They were originally put together by Clive 'J.J.' Hare and Kevin Kendall. The band then approached vocalist Clem Curtis with a view to working together. Clem at that time did not need a band but he had a friend who did. Enter the great Motown artist Edwin Starr.
Since then The Team has been on the road, and there are few other bands with such extensive performing experience. They have performed in front of 40,000 at V Festival, and even had centre stage for just twenty-three guests in the dining room of a media and premiership football tycoon. No names mentioned there then! They have sung in a field near Aachen full of scooterists. and in a lavish top London hotel for the Royal Family. It doesn't matter to this band, which I have had the privilege of seeing a few times myself, whether in session for Capital Radio or on ‘The Jonathan Ross Show’. The attitude is always the same - “We came here to party!” For whoever, whenever, wherever!
The Team have over the years been joined onstage by the likes of the Temptations, Ben E. King, Barry White or Boy George to name but a few. While Edwin was still with us they were showered with all kinds of awards by institutions like ‘Blues and Soul Magazine’, whose readership for two consecutive years voted them UK Live Act Of The Year, and, alongside James Brown and Billy Paul, have twice been honoured at the prestigious European Diamond Awards for Live Music.
Edwin passed away in April 2003, which was a sad loss to not just the scooter and Northern Soul Scene but to the whole music industry. Today we find Angelo, incidentally an original member of The Team, keeping the faith and who has taken over on lead vocals to great acclaim. Pennyblackmusic spoke to him about Edwin and an upcoming celebration at the Jazz Café in London on April 2nd.
PB: It is hard to think that it is ten years since the sad time in 2003 when Edwin left us. What made you decide back then to carry on the way you have and with what Edwin was doing?
AS: Well, it is really strange because as you can imagine we had been performing with Edwin for so many years that that could have been a point when we all said, “Okay, I guess that's it,” and decided to leave it.

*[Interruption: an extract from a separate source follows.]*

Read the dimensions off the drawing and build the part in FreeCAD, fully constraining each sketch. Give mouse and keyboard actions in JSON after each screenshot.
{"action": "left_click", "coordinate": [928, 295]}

Fortunately, however, Edwin had a website which was running and continues to run, and through the website, as well as condolences, there were a lot of requests that we would continue based on the fact that people had always enjoyed seeing the live shows that that included. Initially we approached that with a little bit of reservation because with thought that maybe people were just being kind or to a lesser extent didn’t know whether it was our desire to go on, but the most important thing is that we listened to their requests and we decided to give it a go and see what happened.

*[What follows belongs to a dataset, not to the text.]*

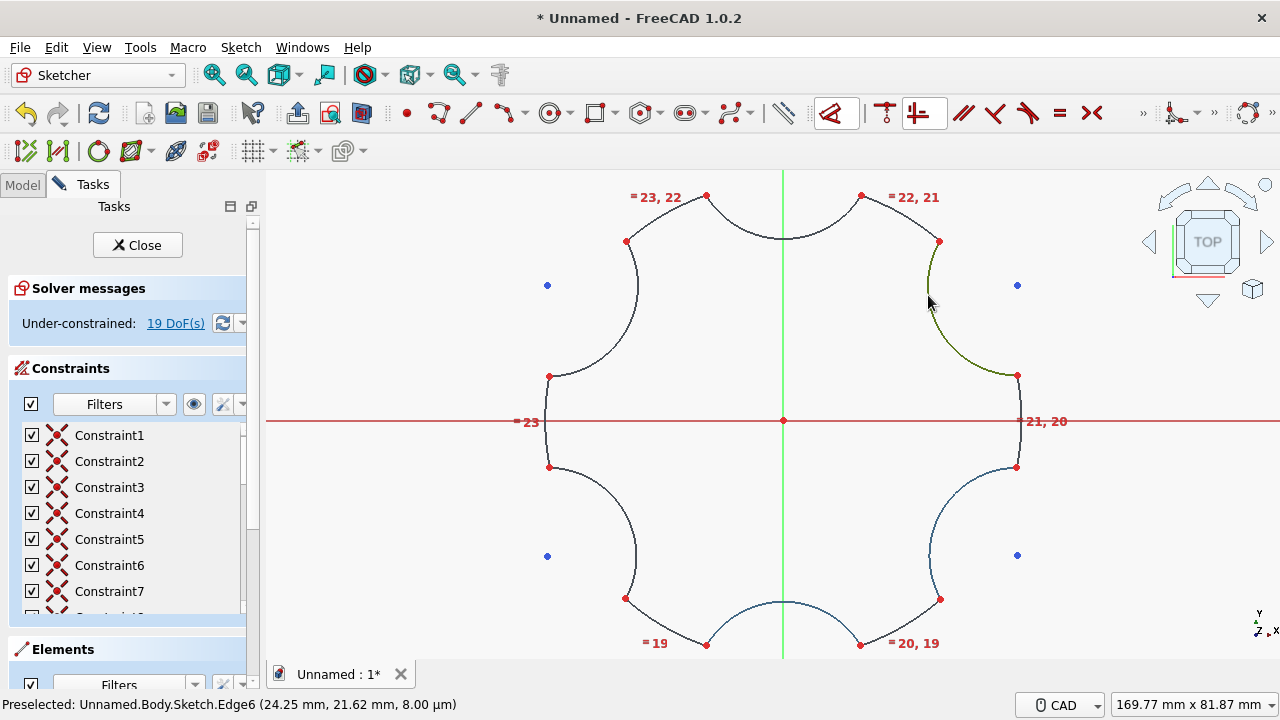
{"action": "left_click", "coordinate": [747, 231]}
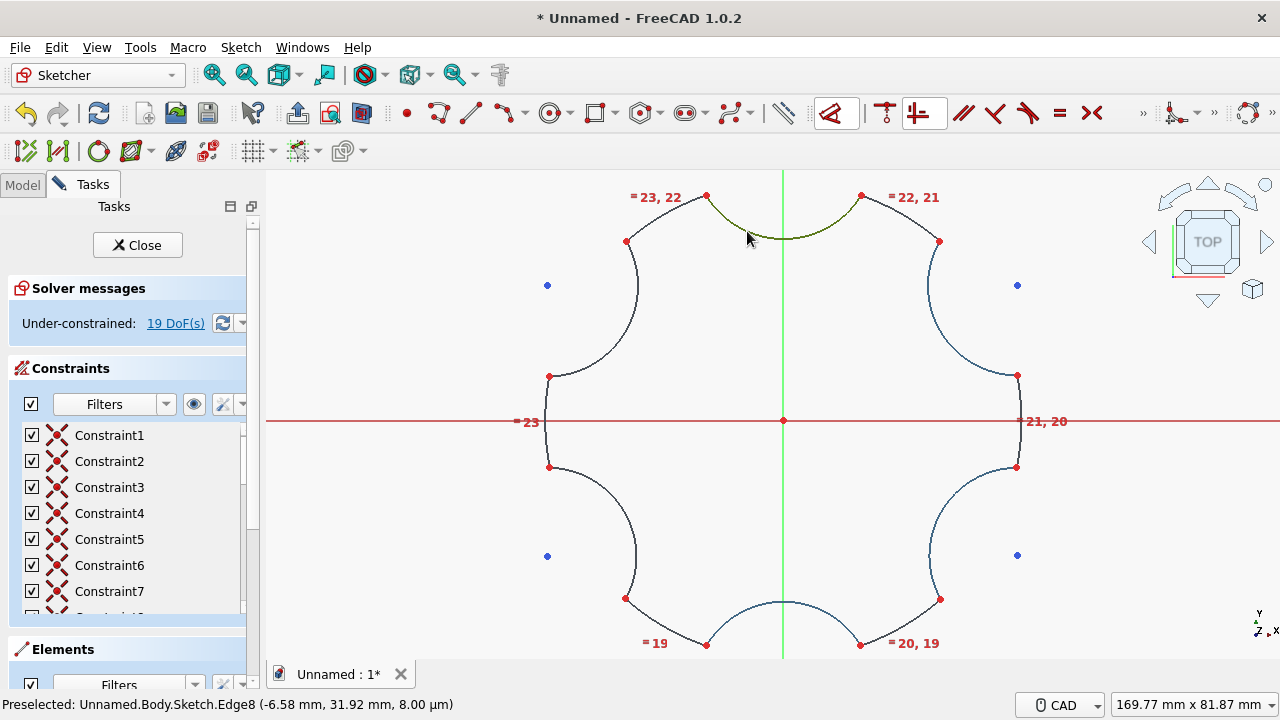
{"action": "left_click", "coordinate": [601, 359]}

The one thing that we knew for sure was that if they didn't like what we were doing they would soon let us know, and fortunately ten years later we're still going.
PB: You have also had your own musical career outside The Team, haven’t you? What else have you done alongside play with The Team?

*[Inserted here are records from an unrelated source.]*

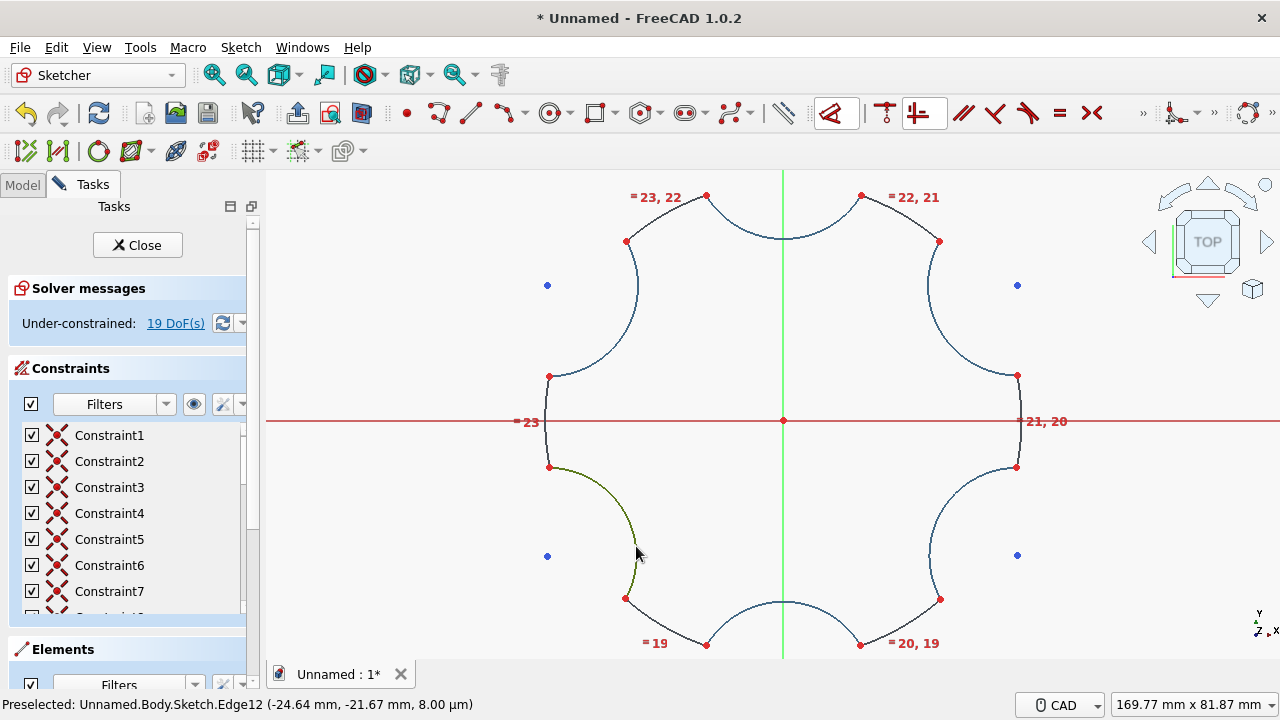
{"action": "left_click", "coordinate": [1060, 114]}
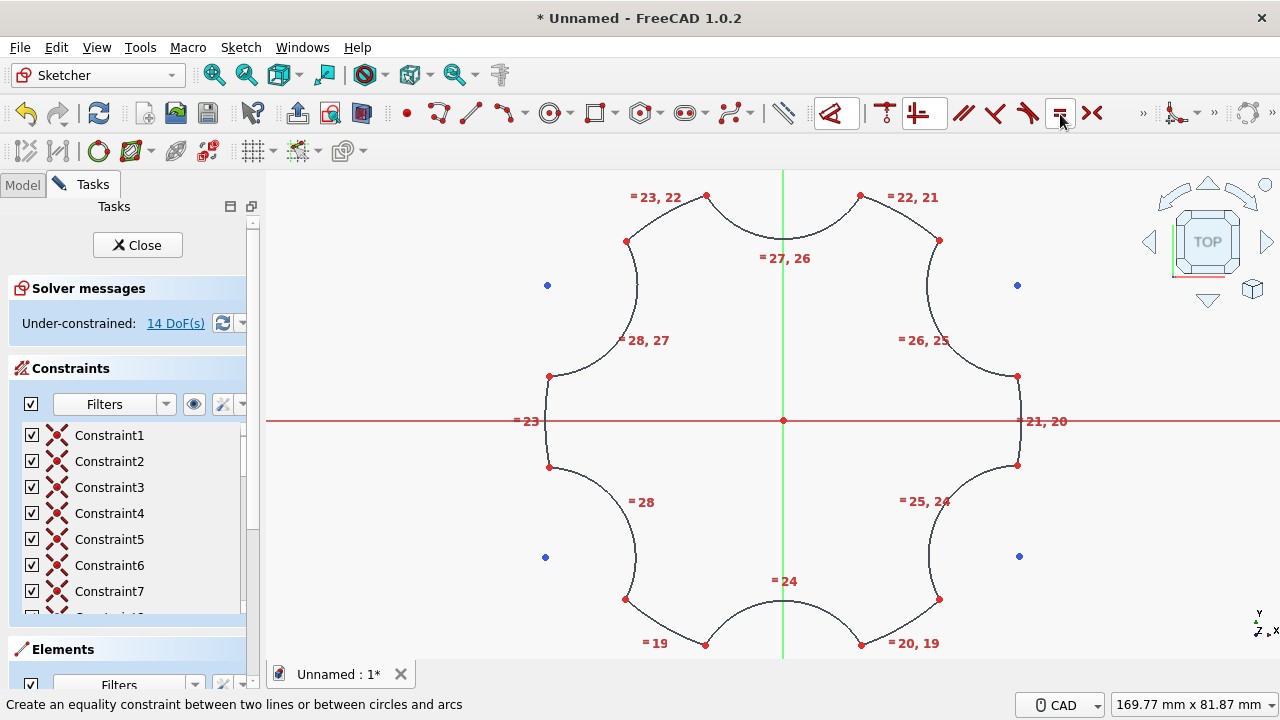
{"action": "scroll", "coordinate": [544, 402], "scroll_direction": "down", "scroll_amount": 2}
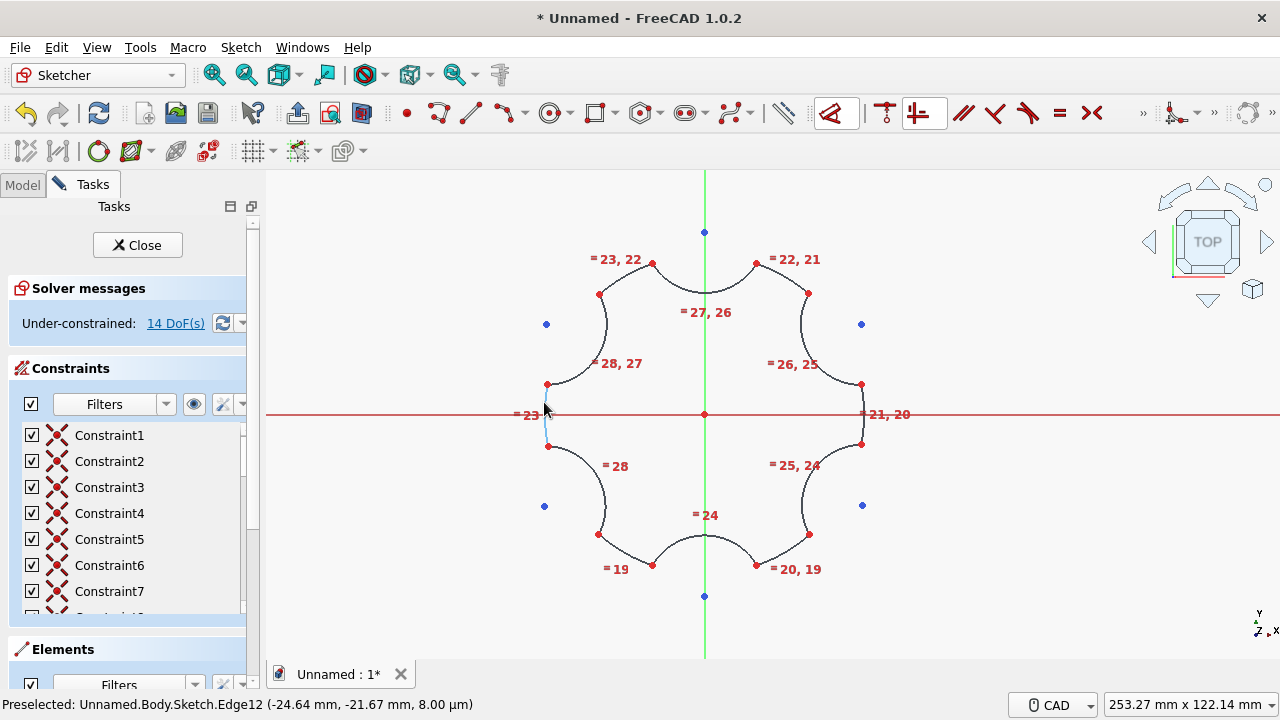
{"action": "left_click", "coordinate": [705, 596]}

AS : Well, I've always been involved in the music industry in one capacity or another. In fact, it's been a somewhat varied journey for me because different people will know of me with different hats on. I was an electrical engineer once upon a time, and in addition to that I was a recording engineer and was associated with a few successful projects that people might know. I was the recording engineer on Ronny Jordan’s first album, and I have worked as a musician for people like Alexander O'Neal. I played guitar for him for twelve years. I have co-written songs with Chaka Khan and Gwen McCrae, Shola Ama, Another Level, and most recently UK R&B/soul singer Lemar.
So, those are people that I have worked with separately, but even during those times I was always working with Edwin Starr and The Team. That was always home for me, so I was kind of on loan to other people (Laughs), but would always manage to come home and be associated with Edwin and The Team as much as I could.
PB: You are from Detroit originally. Are you and your family settled in England?
AS: Yes, I am. I did the one foot across the Atlantic thing for a while, and I think the younger you are then perhaps the easier it is to straddle those two things, and eventually it made sense to be here as well after Edwin initially requested it. We were doing some writing for an album and other projects at the time, and he asked if I could stay on afterwards. And not on that first occasion but on a subsequent occasion I decided to do so, and that led me to staying in the UK.
PB: How hard a decision was it to make to continue with Edwin's work, bearing in mind you have your own output?
AS: It was twofold. In one respect it was a very difficult decision in that I had never tried to be Edwin when he was alive, and I really didn't want to be perceived as if I was trying to be him in his absence. In that respect it was very difficult. But on the other hand it was also very natural.
We had always discussed the fact even before Edwin’s death that it was about the music more than any of us as individuals, and I think that was the point when it became very obvious that it was very much about that, as people wanted us to continue so that they could continue to hear the music that they love being played in a particular way with authenticity and with soul, if you forgive my pun. They wanted to hear it done as it should be, and not that someone would come along and start to perform it as a tribute act sort of thing. They wanted to hear it as it was.
And so with that in mind we decided to give it a go and see how it faired. We were apprehensive in the beginning, of course, because we knew it would feel strange doing everything that felt familiar, but without the familiarity of Edwin there leading the charge. One of the things that we soon realised, however, is that Edwin was still there with us all on stage every time we set foot on stage. Everything he had ever taught us, and everything he had allowed us to see, by being there along with him were the things we needed to know to be able to continue to do it as it should be done.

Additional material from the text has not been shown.